Zorn flammte in Liza auf. Wie konnte der Mann nur so herzlos sein! Er sprach von seinem Neffen, als sei der ein Möbelstück, für das er sündhaft viel Geld ausgegeben und das sich dann als fehlerhaft herausgestellt hatte. „Wie bedauerlich.“ Bei dem sarkastischen Unterton in ihrer sanften Stimme hob er abrupt den Kopf. Sie hielt seinem prüfenden Blick unschuldsvoll stand, bis er wieder auf die Papiere auf dem Schreibtisch sah. Offenbar war er sich nicht ganz im Klaren, ob sie ihn hatte kritisieren wollen oder nicht.

„Ja.“ Er nahm einen maschinebeschriebenen Bogen zur Hand, und Liza erkannte, dass es sich dabei um die Aufzählung ihrer bisherigen Tätigkeiten handelte. „Wie ich sehe, war das letzte Kind, das Sie über einen längeren Zeitraum hinweg unterrichtet haben, behindert?“

„Ja.“ Liza versuchte, ganz ruhig und sachlich zu sprechen, obwohl ihre Kehle plötzlich wie zugeschnürt war. Sie schaffte es noch nicht, Fragen über Samantha zu ertragen. Die Wunde war noch zu frisch.

„Sie haben die Stellung dort aufgegeben, weil …?“ Er verstummte, um sie antworten zu lassen.
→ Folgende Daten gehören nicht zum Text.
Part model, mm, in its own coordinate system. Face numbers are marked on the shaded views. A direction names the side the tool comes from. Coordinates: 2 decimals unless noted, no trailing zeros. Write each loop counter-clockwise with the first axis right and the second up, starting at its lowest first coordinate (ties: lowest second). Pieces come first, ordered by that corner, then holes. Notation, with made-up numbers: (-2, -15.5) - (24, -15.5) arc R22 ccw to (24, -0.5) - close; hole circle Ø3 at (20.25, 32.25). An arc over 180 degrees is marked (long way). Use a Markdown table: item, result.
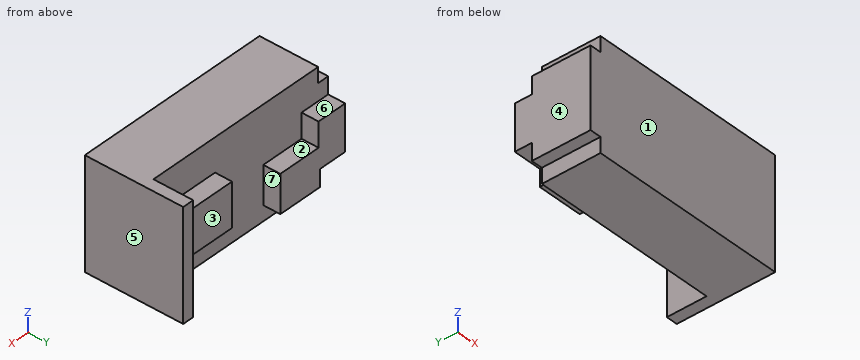
```python
from build123d import *

# Parameters (mm, degrees)
BOSS_EXTRUDE1_DEPTH = 29
SKETCH2_W           = 3
SKETCH2_H           = 4
CUT_EXTRUDE1_DEPTH  = 16.5
SKETCH3_W           = 18.5
SKETCH3_H           = 11.5
BOSS_EXTRUDE4_DEPTH = 4.5


with BuildPart() as part:
    # Sketch1 → Boss-Extrude1 (new body)
    with BuildSketch(Plane.XY):
        Polygon((0, 0), (0, 26), (-3, 26), (-3, 15.5), (-55.5, 15.5), (-55.5, 0), align=None)
    extrude(amount=BOSS_EXTRUDE1_DEPTH)

    # Sketch2 → Cut-Extrude1 (cut, through all)
    with BuildSketch(Plane(origin=(0, 15.5, 0), x_dir=(1, 0, 0), z_dir=(0, 1, 0))):
        with Locations((-54, -2)):
            Rectangle(SKETCH2_W, SKETCH2_H)
        with Locations((-54, -27)):
            Rectangle(SKETCH2_W, SKETCH2_H)
    extrude(amount=-CUT_EXTRUDE1_DEPTH, mode=Mode.SUBTRACT)

    # Sketch3 → Boss-Extrude4 (add)
    with BuildSketch(Plane(origin=(0, 15.5, 0), x_dir=(1, 0, 0), z_dir=(0, 1, 0))):
        with Locations((-12.25, -14.5)):
            Rectangle(SKETCH3_W, SKETCH3_H)
        Polygon((-55.5, -20.5), (-47.5, -20.5), (-47.5, -14), (-36, -14), (-36, -4), (-48, -4), (-48, -8.5), (-55.5, -8.5), align=None)
    extrude(amount=BOSS_EXTRUDE4_DEPTH)


solid = part.part
```
Item 1: Band-saw the part on C-C, the plane x = -41. Give the cut face in (y, z), then the cut area to 4 significant figures.
From the geometry:
| item | result |
|---|---|
| outline | (0, 0) - (15.5, 0) - (15.5, 4) - (20, 4) - (20, 14) - (15.5, 14) - (15.5, 29) - (0, 29) - close |
| area | 494.5 mm^2 |
Item 2: Two-plate mould, pull along X, no slides. Class the marked faces 4, 5, 6 and 7: pulls with the +X half, pulls with the -X half, needs draft (parallel to the pull), parting line crosses it, or undercut.
From the geometry:
| item | result |
|---|---|
| face 4 | pulls with the -X half |
| face 5 | pulls with the +X half |
| face 6 | needs draft |
| face 7 | undercut |
Item 3: Which spindle directions (+Z, -Z, +X, -X, +Y, -Y) get a long thin tool onto all of the face, cutting with end or side? Do the marked faces 1, 2 and 3. Say none if no direction does.
From the geometry:
| item | result |
|---|---|
| face 1 | +Z, -Z, +X, -X, -Y |
| face 2 | +Z, +Y |
| face 3 | +Z, -Z, -X, +Y |
Item 4: Band-saw the part on D-D, the plane z = 21.5. Give the cut face in (x, y).
From the geometry:
| item | result |
|---|---|
| outline | (-55.5, 0) - (0, 0) - (0, 26) - (-3, 26) - (-3, 15.5) - (-55.5, 15.5) - close |
Item 5: Drill centre lines: probe 1 along Y at (x, z) = (-49.5, 27.5); probe 2 along Z at (x, y) = (-8, 18); probe 3 along X at (y, z) = (5.5, 25.5). Where is each one in solid material? Low to high.
From the geometry:
| item | result |
|---|---|
| probe 1 | 0 to 15.5 |
| probe 2 | 8.75 to 20.25 |
| probe 3 | -52.5 to 0 |
Item 6: Band-saw the part on B-B, the plane z = 18.25. Give the cut face in (x, y), then the cut area to 3 significant figures.
From the geometry:
| item | result |
|---|---|
| outline | (-55.5, 0) - (0, 0) - (0, 26) - (-3, 26) - (-3, 20) - (-21.5, 20) - (-21.5, 15.5) - (-47.5, 15.5) - (-47.5, 20) - (-55.5, 20) - close |
| area | 1,010 mm^2 |
Item 7: Band-saw the part on A-A, the plane x = -13.5. Give the cut face in (y, z).
From the geometry:
| item | result |
|---|---|
| outline | (0, 0) - (15.5, 0) - (15.5, 8.75) - (20, 8.75) - (20, 20.25) - (15.5, 20.25) - (15.5, 29) - (0, 29) - close |
Item 8: Drop flat-ended pins along their axis: P1, Ø5, axis at y = 17.5, z = 17, coming from the +X side; P2, Ø3.5, axis at x = -50, y = 18.5, coming from the +Z side; P3, Ø2, axis at x = -13.5, y = 17, coming from the +Z side; P4, Ø14.5, axis at x = -20.5, z = 11.5, coming from the +Y side. Give the stop position or say it passes through.
From the geometry:
| item | result |
|---|---|
| P1 | x = 0 |
| P2 | z = 20.5 |
| P3 | z = 20.25 |
| P4 | y = 20 |
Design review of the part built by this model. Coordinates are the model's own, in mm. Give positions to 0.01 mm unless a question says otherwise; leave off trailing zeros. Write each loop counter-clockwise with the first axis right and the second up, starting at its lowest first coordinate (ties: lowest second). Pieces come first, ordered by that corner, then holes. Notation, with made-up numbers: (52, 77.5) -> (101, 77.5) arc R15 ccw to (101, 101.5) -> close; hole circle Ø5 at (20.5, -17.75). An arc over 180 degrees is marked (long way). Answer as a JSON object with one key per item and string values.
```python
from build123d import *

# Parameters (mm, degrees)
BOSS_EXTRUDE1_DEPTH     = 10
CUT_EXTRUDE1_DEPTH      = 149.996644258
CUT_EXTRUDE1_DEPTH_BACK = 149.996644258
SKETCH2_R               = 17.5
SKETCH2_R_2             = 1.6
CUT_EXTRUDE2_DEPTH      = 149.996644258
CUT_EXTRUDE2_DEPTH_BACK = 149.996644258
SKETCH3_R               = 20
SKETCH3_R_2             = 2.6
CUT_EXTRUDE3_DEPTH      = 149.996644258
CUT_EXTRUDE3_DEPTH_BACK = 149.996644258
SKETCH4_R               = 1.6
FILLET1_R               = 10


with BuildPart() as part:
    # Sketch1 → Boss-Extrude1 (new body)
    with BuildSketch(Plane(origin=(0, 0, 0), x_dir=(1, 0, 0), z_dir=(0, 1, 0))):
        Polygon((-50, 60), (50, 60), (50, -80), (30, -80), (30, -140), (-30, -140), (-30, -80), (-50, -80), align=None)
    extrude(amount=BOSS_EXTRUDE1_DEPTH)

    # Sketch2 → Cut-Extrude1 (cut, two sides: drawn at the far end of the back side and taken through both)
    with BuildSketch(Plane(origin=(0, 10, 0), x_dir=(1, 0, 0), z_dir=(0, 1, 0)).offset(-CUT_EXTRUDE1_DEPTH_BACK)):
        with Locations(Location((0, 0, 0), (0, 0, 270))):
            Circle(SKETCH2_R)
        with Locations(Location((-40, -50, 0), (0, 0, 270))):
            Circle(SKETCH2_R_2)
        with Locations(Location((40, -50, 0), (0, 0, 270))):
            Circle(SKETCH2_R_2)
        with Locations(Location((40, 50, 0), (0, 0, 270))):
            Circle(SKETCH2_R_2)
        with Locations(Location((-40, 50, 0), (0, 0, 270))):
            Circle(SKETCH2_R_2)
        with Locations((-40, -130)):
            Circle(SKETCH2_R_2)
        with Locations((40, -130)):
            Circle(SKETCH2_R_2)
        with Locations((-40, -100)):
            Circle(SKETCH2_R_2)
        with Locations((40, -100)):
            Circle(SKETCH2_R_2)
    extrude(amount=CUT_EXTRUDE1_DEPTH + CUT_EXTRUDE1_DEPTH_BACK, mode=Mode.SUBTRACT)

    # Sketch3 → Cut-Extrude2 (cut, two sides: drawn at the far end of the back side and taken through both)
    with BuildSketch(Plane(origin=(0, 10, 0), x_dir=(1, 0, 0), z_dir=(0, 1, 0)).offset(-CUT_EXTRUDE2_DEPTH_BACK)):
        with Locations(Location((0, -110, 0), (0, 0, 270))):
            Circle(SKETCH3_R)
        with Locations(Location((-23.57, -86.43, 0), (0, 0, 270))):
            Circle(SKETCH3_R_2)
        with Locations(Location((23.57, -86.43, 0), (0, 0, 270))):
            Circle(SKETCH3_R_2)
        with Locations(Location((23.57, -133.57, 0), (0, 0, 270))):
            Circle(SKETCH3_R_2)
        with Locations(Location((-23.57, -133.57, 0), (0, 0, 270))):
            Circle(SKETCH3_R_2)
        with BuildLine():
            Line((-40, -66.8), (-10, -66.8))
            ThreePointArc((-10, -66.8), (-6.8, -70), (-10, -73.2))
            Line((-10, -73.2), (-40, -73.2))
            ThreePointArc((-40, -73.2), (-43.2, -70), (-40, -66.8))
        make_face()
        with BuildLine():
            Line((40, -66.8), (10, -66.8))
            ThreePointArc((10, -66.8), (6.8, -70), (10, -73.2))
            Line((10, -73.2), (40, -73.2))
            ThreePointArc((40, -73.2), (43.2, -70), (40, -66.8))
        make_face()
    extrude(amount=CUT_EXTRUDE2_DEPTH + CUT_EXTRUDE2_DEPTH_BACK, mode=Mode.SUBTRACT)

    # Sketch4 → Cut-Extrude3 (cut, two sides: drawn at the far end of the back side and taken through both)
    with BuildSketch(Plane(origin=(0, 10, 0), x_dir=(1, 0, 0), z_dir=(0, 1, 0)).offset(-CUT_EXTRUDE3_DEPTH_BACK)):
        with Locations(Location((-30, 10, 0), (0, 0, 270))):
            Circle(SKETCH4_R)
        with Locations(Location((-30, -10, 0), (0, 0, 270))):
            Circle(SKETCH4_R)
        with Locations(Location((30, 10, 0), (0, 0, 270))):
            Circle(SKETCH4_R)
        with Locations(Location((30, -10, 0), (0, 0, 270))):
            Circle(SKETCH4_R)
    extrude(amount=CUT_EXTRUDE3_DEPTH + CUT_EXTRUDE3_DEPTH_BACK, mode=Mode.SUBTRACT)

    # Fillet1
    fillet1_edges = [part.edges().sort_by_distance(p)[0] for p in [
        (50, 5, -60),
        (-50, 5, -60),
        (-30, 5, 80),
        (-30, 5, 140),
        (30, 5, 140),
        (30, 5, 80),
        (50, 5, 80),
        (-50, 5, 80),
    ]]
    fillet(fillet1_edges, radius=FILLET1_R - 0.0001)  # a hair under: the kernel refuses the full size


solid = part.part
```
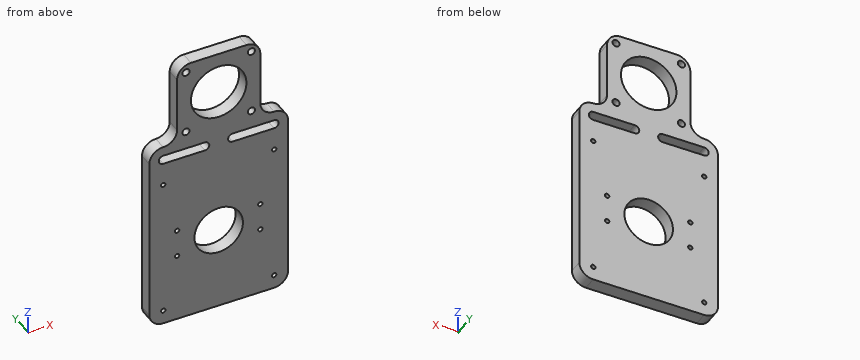
(1) We need section B-B, the plane x = 23.57. State the section outline as (y, z) points.
Here are the results:
{"outline": "(0, -60) -> (10, -60) -> (10, 66.8) -> (0, 66.8) -> close; (0, 73.2) -> (10, 73.2) -> (10, 83.83) -> (0, 83.83) -> close; (0, 89.03) -> (10, 89.03) -> (10, 130.97) -> (0, 130.97) -> close; (0, 136.17) -> (10, 136.17) -> (10, 139.34) -> (0, 139.34) -> close"}
(2) We need section A-A, the plane z = 110. State the section outline as (x, y) points, then the cut area to 3 significant figures.
Here are the results:
{"outline": "(-30, 0) -> (-20, 0) -> (-20, 10) -> (-30, 10) -> close; (20, 0) -> (30, 0) -> (30, 10) -> (20, 10) -> close", "area": "200 mm²"}
(3) We need section D-D, the plane y = 2.25. Give the number of separate pieces and of enclosed holes in the cut face, then the cut area to 3 significant figures.
Here are the results:
{"separate pieces": "1", "enclosed holes": "16", "area": "14,700 mm²"}
(4) Clearance check with a flat-ended pin moving along its axis: pin 1 (1 mm diameter, centred on y = 8, z = 116, fed in from +X). State where the tip first meets the part, or that it passes through.
Here are the results:
{"pin 1": "stops at x = 30"}
(5) We need section C-C, the plane z = 0.5. State the section outline as (x, y) points, then the cut area to 3 significant figures.
Here are the results:
{"outline": "(-50, 0) -> (-17.49, 0) -> (-17.49, 10) -> (-50, 10) -> close; (17.49, 0) -> (50, 0) -> (50, 10) -> (17.49, 10) -> close", "area": "650 mm²"}
(6) For line 1 along Z through (x, y) = (-40, 5.75); line 2 along Z through (x, y) = (0, 2.5); line 3 along X through (y, z) = (8, 50), list the stretches that pass through material, from the lowest coordinate up.
Here are the results:
{"line 1": "z = -60 to -51.6, -48.4 to 48.4, 51.6 to 66.8, 73.2 to 80", "line 2": "z = -60 to -17.5, 17.5 to 90, 130 to 140", "line 3": "x = -50 to -41.6, -38.4 to 38.4, 41.6 to 50"}

Liza befeuchtete nervös die trockenen Lippen und merkte, dass ihm auch diese kleine Geste nicht entging. „Das kleine Mädchen starb.“ Sie war froh, dass sie den Satz mit fester Stimme hervorbringen konnte.

„Das hätte hier doch vermerkt werden müssen.“ Er schüttelte den Kopf. „Bitte verzeihen Sie vielmals, Miss Kerri, darüber hat man mich nicht informiert. Ich möchte Sie nicht mit schmerzlichen Fragen quälen, aber …?“

„Schon gut.“ Sie senkte den Kopf und stellte erst jetzt fest, dass sie die Fäuste in ihrem Schoß krampfhaft geballt hielt. Sie zwang sich, sich zu entspannen, streckte die Finger, atmete tief durch und sah auf. „Sie war unheilbar krank. Es war unvermeidlich.“

„Das ist kein Trost, wenn es dann tatsächlich zum Schlimmsten kommt.“ Er drehte sich mit seinem Sessel herum und wandte ihr wieder den Rücken zu. Eine Weile herrschte angespanntes Schweigen. Im Zimmer war es unerträglich heiß. Liza fühlte sich plötzlich etwas schwindelig. Sie hätte etwas zu Mittag essen sollen, sich notfalls dazu zwingen müssen. Aber sie hatte kaum etwas heruntergebracht in jenen letzten neun Wochen nach Samanthas Tod. „Haben Sie Erfahrung mit schwierigen Kindern?“

„Entschuldigung, wie bitte?“ Sie sah benommen auf und merkte, dass er sich wieder zu ihr umgedreht hatte.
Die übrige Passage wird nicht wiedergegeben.